(GIVEN DATA begins)

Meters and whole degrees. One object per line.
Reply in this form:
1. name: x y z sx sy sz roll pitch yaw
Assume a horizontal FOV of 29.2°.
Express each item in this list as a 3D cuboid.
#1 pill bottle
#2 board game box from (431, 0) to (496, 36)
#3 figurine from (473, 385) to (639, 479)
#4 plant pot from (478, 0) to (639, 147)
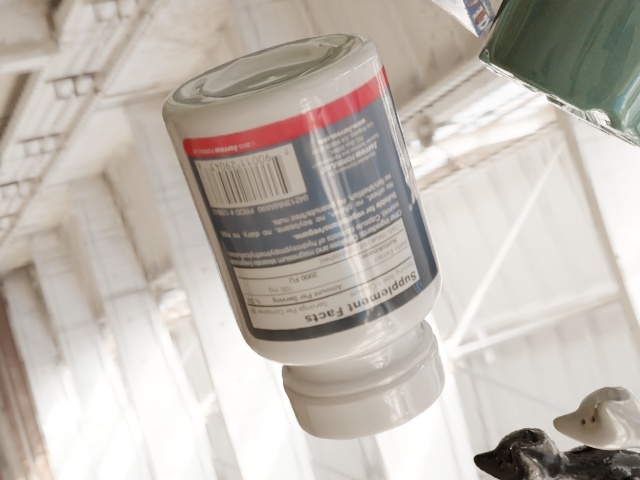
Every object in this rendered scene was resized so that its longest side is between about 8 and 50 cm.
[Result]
1. pill bottle: 0.000 0.000 0.599 0.108 0.108 0.180 24 -45 61
2. board game box: 0.137 -0.403 1.752 0.243 0.042 0.165 42 1 21
3. figurine: 0.287 0.207 1.178 0.215 0.210 0.092 -44 -146 52
4. plant pot: 0.379 -0.308 1.494 0.334 0.341 0.341 -61 -144 8
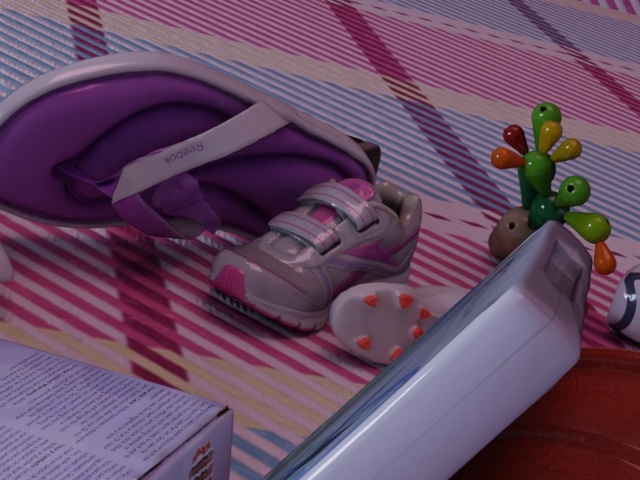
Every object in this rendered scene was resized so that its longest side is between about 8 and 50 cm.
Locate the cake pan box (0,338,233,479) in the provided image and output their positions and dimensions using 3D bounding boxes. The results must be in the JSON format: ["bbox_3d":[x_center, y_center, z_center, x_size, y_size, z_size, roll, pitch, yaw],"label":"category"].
[{"bbox_3d":[-0.209,0.127,0.801,0.246,0.070,0.267,11,23,22],"label":"cake pan box"}]

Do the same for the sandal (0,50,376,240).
[{"bbox_3d":[-0.094,-0.058,1.365,0.416,0.169,0.102,5,32,-43],"label":"sandal"}]

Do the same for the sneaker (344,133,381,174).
[{"bbox_3d":[-0.024,-0.078,1.630,0.118,0.083,0.222,17,5,14],"label":"sneaker"}]

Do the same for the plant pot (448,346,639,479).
[{"bbox_3d":[0.079,0.215,0.675,0.272,0.272,0.265,27,30,26],"label":"plant pot"}]

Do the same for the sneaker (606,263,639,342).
[{"bbox_3d":[0.398,0.068,1.559,0.153,0.094,0.235,32,24,33],"label":"sneaker"}]

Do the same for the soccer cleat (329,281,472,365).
[{"bbox_3d":[0.079,0.067,1.352,0.196,0.068,0.076,4,8,-36],"label":"soccer cleat"}]

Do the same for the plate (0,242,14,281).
[{"bbox_3d":[-0.390,-0.045,1.247,0.278,0.045,0.277,5,19,-22],"label":"plate"}]

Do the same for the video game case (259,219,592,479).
[{"bbox_3d":[-0.020,0.121,0.673,0.036,0.329,0.300,47,11,3],"label":"video game case"}]

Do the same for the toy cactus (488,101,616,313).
[{"bbox_3d":[0.203,-0.016,1.567,0.112,0.219,0.180,-7,-14,-19],"label":"toy cactus"}]

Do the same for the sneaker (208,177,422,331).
[{"bbox_3d":[0.000,0.000,1.381,0.103,0.111,0.252,27,22,27],"label":"sneaker"}]
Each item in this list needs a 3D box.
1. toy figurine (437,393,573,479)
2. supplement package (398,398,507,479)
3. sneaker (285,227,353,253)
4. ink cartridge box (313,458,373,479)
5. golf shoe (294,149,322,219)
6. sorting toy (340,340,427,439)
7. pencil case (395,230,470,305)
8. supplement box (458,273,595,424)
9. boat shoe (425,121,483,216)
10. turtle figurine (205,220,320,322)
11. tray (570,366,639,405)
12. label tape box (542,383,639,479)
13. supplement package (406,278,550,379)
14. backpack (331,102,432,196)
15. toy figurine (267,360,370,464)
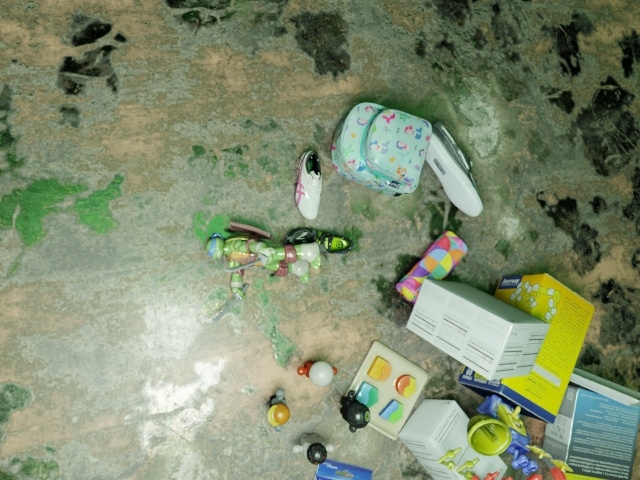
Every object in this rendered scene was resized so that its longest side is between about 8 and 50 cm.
[{"bbox_3d":[0.437,0.485,1.258,0.362,0.217,0.191,34,115,-23],"label":"toy figurine"},{"bbox_3d":[0.351,0.561,1.317,0.139,0.134,0.244,-42,97,-31],"label":"supplement package"},{"bbox_3d":[0.000,0.000,1.310,0.188,0.078,0.067,7,82,-15],"label":"sneaker"},{"bbox_3d":[0.033,0.737,1.238,0.165,0.065,0.333,19,77,-15],"label":"ink cartridge box"},{"bbox_3d":[-0.030,-0.148,1.315,0.067,0.086,0.186,-2,85,-20],"label":"golf shoe"},{"bbox_3d":[0.180,0.406,1.340,0.193,0.038,0.208,33,74,-12],"label":"sorting toy"},{"bbox_3d":[0.318,0.080,1.397,0.236,0.104,0.104,-43,97,-17],"label":"pencil case"},{"bbox_3d":[0.583,0.297,1.407,0.195,0.194,0.357,32,74,-13],"label":"supplement box"},{"bbox_3d":[0.402,-0.215,1.463,0.102,0.108,0.301,-35,88,-18],"label":"boat shoe"},{"bbox_3d":[-0.139,0.084,1.195,0.266,0.275,0.198,3,117,-22],"label":"turtle figurine"},{"bbox_3d":[0.785,0.409,1.412,0.145,0.270,0.030,16,92,-39],"label":"tray"},{"bbox_3d":[0.768,0.600,1.416,0.240,0.106,0.334,16,82,-15],"label":"label tape box"},{"bbox_3d":[0.396,0.216,1.251,0.204,0.261,0.145,9,104,-42],"label":"supplement package"},{"bbox_3d":[0.165,-0.253,1.346,0.253,0.191,0.225,19,83,-9],"label":"backpack"},{"bbox_3d":[-0.010,0.415,1.204,0.209,0.148,0.213,-40,92,-13],"label":"toy figurine"}]
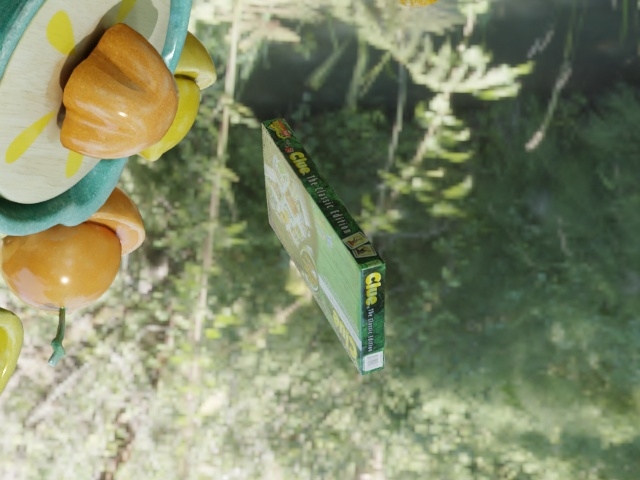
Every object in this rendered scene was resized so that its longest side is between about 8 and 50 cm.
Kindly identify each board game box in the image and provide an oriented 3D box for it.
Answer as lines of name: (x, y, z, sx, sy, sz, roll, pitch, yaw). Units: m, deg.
board game box: (0.000, 0.000, 1.181, 0.030, 0.259, 0.136, -14, 131, -18)

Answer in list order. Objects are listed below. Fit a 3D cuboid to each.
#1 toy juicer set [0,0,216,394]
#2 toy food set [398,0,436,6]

(GIVEN DATA ends)

→ **WORK ORDER**:
Send back every record exactly as it stands, except the pictures.

→ **WRITTEN SOLUTION**:
Meters and whole degrees. One object per line.
Reply in this form:
1. name: x y z sx sy sz roll pitch yaw
Assume a horizontal FOV of 29.2°.
Express each item in this list as a 3D cuboid.
#1 pill bottle
#2 board game box from (431, 0) to (496, 36)
#3 figurine from (473, 385) to (639, 479)
#4 plant pot from (478, 0) to (639, 147)
Every object in this rendered scene was resized so that its longest side is between about 8 and 50 cm.
[Result]
1. pill bottle: 0.000 0.000 0.599 0.108 0.108 0.180 24 -45 61
2. board game box: 0.137 -0.403 1.752 0.243 0.042 0.165 42 1 21
3. figurine: 0.287 0.207 1.178 0.215 0.210 0.092 -44 -146 52
4. plant pot: 0.379 -0.308 1.494 0.334 0.341 0.341 -61 -144 8
Every object in this rendered scene was resized so that its longest side is between about 8 and 50 cm.
Locate the cake pan box (0,338,233,479) in the provided image and output their positions and dimensions using 3D bounding boxes. The results must be in the JSON format: ["bbox_3d":[x_center, y_center, z_center, x_size, y_size, z_size, roll, pitch, yaw],"label":"category"].
[{"bbox_3d":[-0.209,0.127,0.801,0.246,0.070,0.267,11,23,22],"label":"cake pan box"}]

Do the same for the sandal (0,50,376,240).
[{"bbox_3d":[-0.094,-0.058,1.365,0.416,0.169,0.102,5,32,-43],"label":"sandal"}]

Do the same for the sneaker (344,133,381,174).
[{"bbox_3d":[-0.024,-0.078,1.630,0.118,0.083,0.222,17,5,14],"label":"sneaker"}]

Do the same for the plant pot (448,346,639,479).
[{"bbox_3d":[0.079,0.215,0.675,0.272,0.272,0.265,27,30,26],"label":"plant pot"}]

Do the same for the sneaker (606,263,639,342).
[{"bbox_3d":[0.398,0.068,1.559,0.153,0.094,0.235,32,24,33],"label":"sneaker"}]

Do the same for the soccer cleat (329,281,472,365).
[{"bbox_3d":[0.079,0.067,1.352,0.196,0.068,0.076,4,8,-36],"label":"soccer cleat"}]

Do the same for the plate (0,242,14,281).
[{"bbox_3d":[-0.390,-0.045,1.247,0.278,0.045,0.277,5,19,-22],"label":"plate"}]

Do the same for the video game case (259,219,592,479).
[{"bbox_3d":[-0.020,0.121,0.673,0.036,0.329,0.300,47,11,3],"label":"video game case"}]

Do the same for the toy cactus (488,101,616,313).
[{"bbox_3d":[0.203,-0.016,1.567,0.112,0.219,0.180,-7,-14,-19],"label":"toy cactus"}]

Do the same for the sneaker (208,177,422,331).
[{"bbox_3d":[0.000,0.000,1.381,0.103,0.111,0.252,27,22,27],"label":"sneaker"}]
Each item in this list needs a 3D box.
1. toy figurine (437,393,573,479)
2. supplement package (398,398,507,479)
3. sneaker (285,227,353,253)
4. ink cartridge box (313,458,373,479)
5. golf shoe (294,149,322,219)
6. sorting toy (340,340,427,439)
7. pencil case (395,230,470,305)
8. supplement box (458,273,595,424)
9. boat shoe (425,121,483,216)
10. turtle figurine (205,220,320,322)
11. tray (570,366,639,405)
12. label tape box (542,383,639,479)
13. supplement package (406,278,550,379)
14. backpack (331,102,432,196)
15. toy figurine (267,360,370,464)
Every object in this rendered scene was resized so that its longest side is between about 8 and 50 cm.
[{"bbox_3d":[0.437,0.485,1.258,0.362,0.217,0.191,34,115,-23],"label":"toy figurine"},{"bbox_3d":[0.351,0.561,1.317,0.139,0.134,0.244,-42,97,-31],"label":"supplement package"},{"bbox_3d":[0.000,0.000,1.310,0.188,0.078,0.067,7,82,-15],"label":"sneaker"},{"bbox_3d":[0.033,0.737,1.238,0.165,0.065,0.333,19,77,-15],"label":"ink cartridge box"},{"bbox_3d":[-0.030,-0.148,1.315,0.067,0.086,0.186,-2,85,-20],"label":"golf shoe"},{"bbox_3d":[0.180,0.406,1.340,0.193,0.038,0.208,33,74,-12],"label":"sorting toy"},{"bbox_3d":[0.318,0.080,1.397,0.236,0.104,0.104,-43,97,-17],"label":"pencil case"},{"bbox_3d":[0.583,0.297,1.407,0.195,0.194,0.357,32,74,-13],"label":"supplement box"},{"bbox_3d":[0.402,-0.215,1.463,0.102,0.108,0.301,-35,88,-18],"label":"boat shoe"},{"bbox_3d":[-0.139,0.084,1.195,0.266,0.275,0.198,3,117,-22],"label":"turtle figurine"},{"bbox_3d":[0.785,0.409,1.412,0.145,0.270,0.030,16,92,-39],"label":"tray"},{"bbox_3d":[0.768,0.600,1.416,0.240,0.106,0.334,16,82,-15],"label":"label tape box"},{"bbox_3d":[0.396,0.216,1.251,0.204,0.261,0.145,9,104,-42],"label":"supplement package"},{"bbox_3d":[0.165,-0.253,1.346,0.253,0.191,0.225,19,83,-9],"label":"backpack"},{"bbox_3d":[-0.010,0.415,1.204,0.209,0.148,0.213,-40,92,-13],"label":"toy figurine"}]
Every object in this rendered scene was resized so that its longest side is between about 8 and 50 cm.
Kindly identify each board game box in the image and provide an oriented 3D box for it.
Answer as lines of name: (x, y, z, sx, sy, sz, roll, pitch, yaw). Units: m, deg.
board game box: (0.000, 0.000, 1.181, 0.030, 0.259, 0.136, -14, 131, -18)

Answer in list order. Objects are listed below. Fit a 3D cuboid to each.
#1 toy juicer set [0,0,216,394]
#2 toy food set [398,0,436,6]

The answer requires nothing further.